▶ [Dataset section]:
::::::::

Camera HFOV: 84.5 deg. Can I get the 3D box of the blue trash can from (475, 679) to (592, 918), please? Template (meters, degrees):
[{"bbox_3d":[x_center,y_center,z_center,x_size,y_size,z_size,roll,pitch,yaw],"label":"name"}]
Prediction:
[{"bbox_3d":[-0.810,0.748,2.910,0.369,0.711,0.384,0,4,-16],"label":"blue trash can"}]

::::::::

▶ [Problem to solve]:
Restate the whole of the data exactly.

▶ [Exercise result]:
Camera HFOV: 84.5 deg. Can I get the 3D box of the blue trash can from (475, 679) to (592, 918), please? Template (meters, degrees):
[{"bbox_3d":[x_center,y_center,z_center,x_size,y_size,z_size,roll,pitch,yaw],"label":"name"}]
Prediction:
[{"bbox_3d":[-0.810,0.748,2.910,0.369,0.711,0.384,0,4,-16],"label":"blue trash can"}]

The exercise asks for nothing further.